Use of molecular dynamics to uncover the operation of electrochemical nanodevices, design materials for shock energy absorption and metallic metamaterials with ultra-low stiffness
I will discuss our group’s recent work in extending molecular dynamics to incorporate the effect of degrees of freedom (DoFs) not captured explicitly by the particles. Examples of implicit DoFs are electrochemical potential or conduction electrons in all-atom MD and atoms internal to mesoparticles in coarse grain simulations. I will exemplify the use of the dynamics with implicit degrees of freedom (DID) method to various materials and devices of technological interest:
(1) Nanoscale resistance-switching cells that operate via the electrochemical formation and disruption of metallic filaments that bridge two electrodes are among the most promising devices for post-CMOS electronics. I will discuss the first atomistic simulations of their operation of conductive bridging cells using DID. The simulations predict the ultrafast switching observed experimentally and provide new insight into the atomistic mechanisms behind the development and dissolution of stable conducting filaments.

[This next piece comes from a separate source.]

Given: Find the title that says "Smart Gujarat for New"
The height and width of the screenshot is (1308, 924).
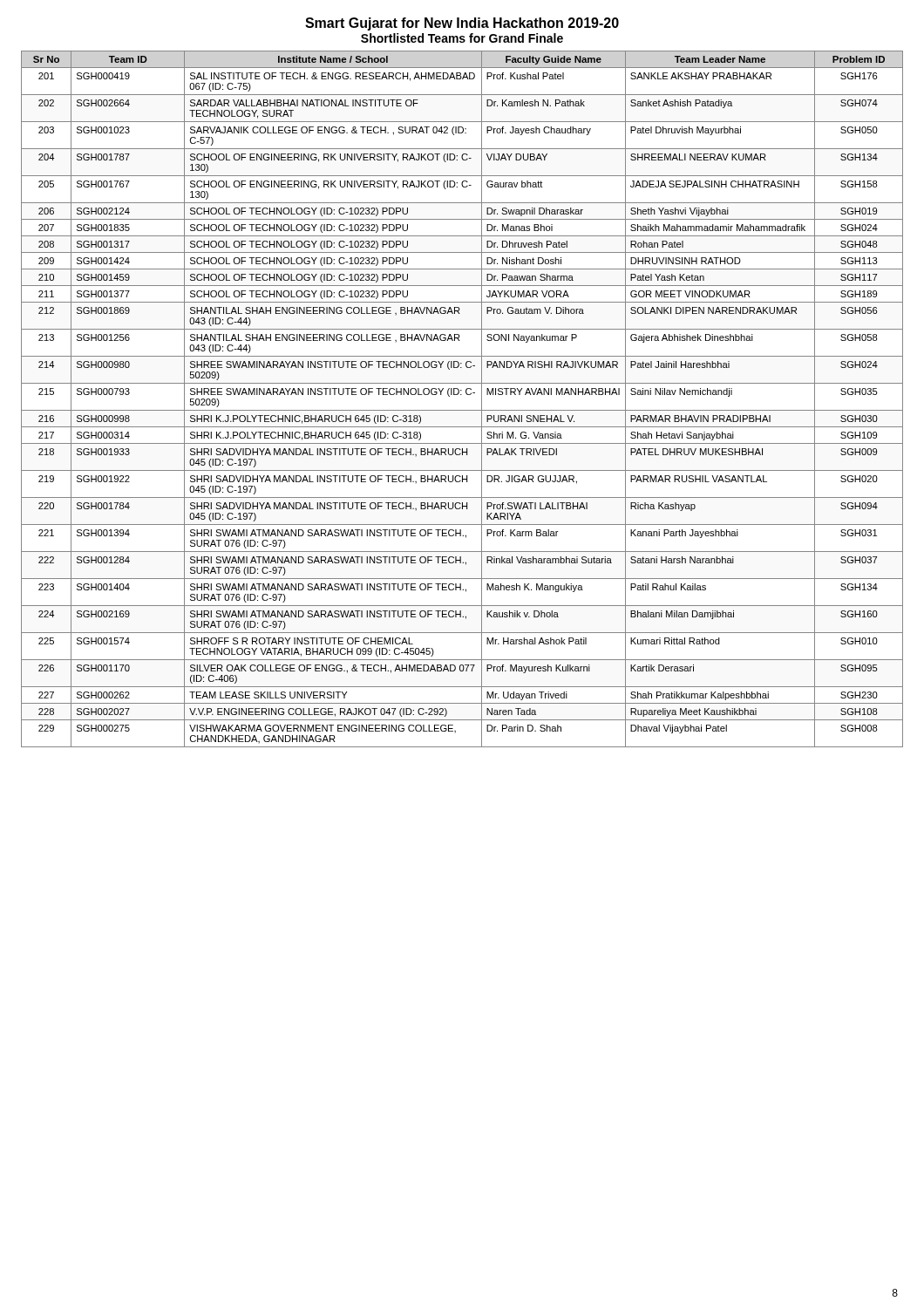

(2) We developed a coarse grain model to describe stress-induced chemical reactions and applied to guide the design of materials capable of attenuating shockwaves via endothermic, volume-reducing chemical reactions. The simulations show that such reactions can, indeed, weaken a propagating shock and enabled us to identify the key properties behind this effect. We found that the amount of volume contraction and the kinetics of the reactions, while the endothermicity of the reactions plays a minor role.
(3) We demonstrate ultra-low stiffness in fully dense metallic nanowires and laminates via the stabilization of a negative stiffness state using epitaxy. Key to predicting this unprecedented property is utilization of a martensitic alloy constrained to a mechanically unstable state by its coherent integration with a compatible, stable second component. Explicit large-scale molecular dynamics simulations confirm the low stiffness expected from the competing response of the two components and provide insight into the mechanisms behind ultra-low stiffness. These novel metamaterials exhibit Young’s moduli over one order of magnitude lower than either constituent, defying long-standing bounds of composite design.

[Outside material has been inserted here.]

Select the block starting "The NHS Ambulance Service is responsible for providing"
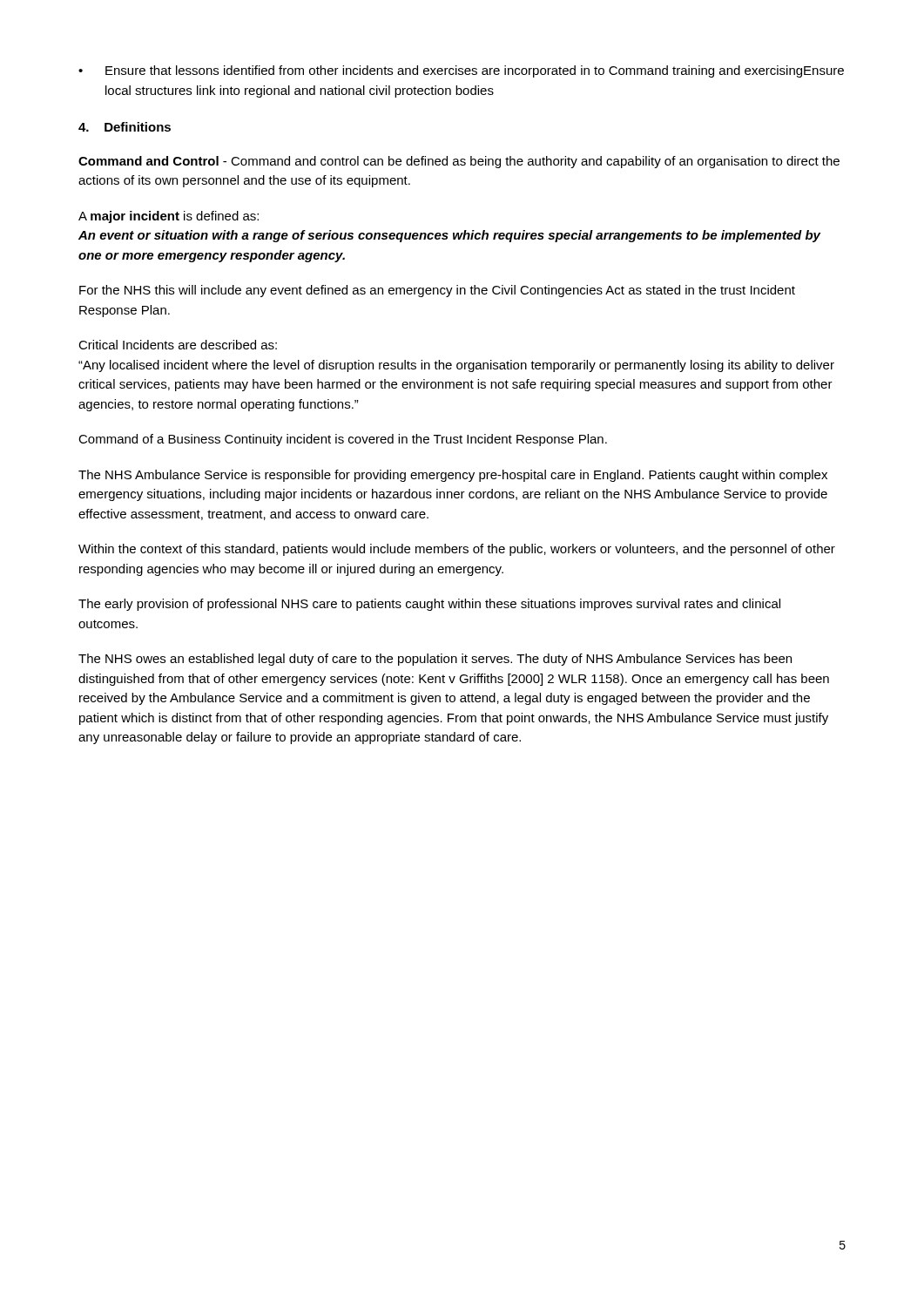The image size is (924, 1307). tap(453, 494)

Alejandro Strachan is a Professor of Materials Engineering at Purdue University and the Deputy Director of the Purdue’s Center for Predictive Materials and Devices (c-PRIMED) and of NSF’s Network for Computational Nanotechnology. Before joining Purdue, he was a Staff Member in the Theoretical Division of Los Alamos National Laboratory and worked as a Postdoctoral Scholar and Scientist at Caltech. He received a Ph.D. in Physics from the University of Buenos Aires, Argentina, in 1999. Among other recognitions, Prof. Strachan was named a Purdue University Faculty Scholar (2012-2017), received the Early Career Faculty Fellow Award from TMS in 2009 and the Schuhmann Best Undergraduate Teacher Award from the School of Materials Engineering, Purdue University in 2007.
Prof. Strachan’s research focuses on the development of predictive atomistic and molecular simulation methodologies to describe materials from first principles, their application to problems of technological importance and quantification of associated uncertainties. Application areas of interest include: coupled electronic, chemical and thermo-mechanical processes in devices of interest for nanoelectronics and energy as well as polymers and their composites, molecular solids and active materials, including shape memory and high-energy density materials. He has published over 120 articles in the peer-reviewed scientific literature.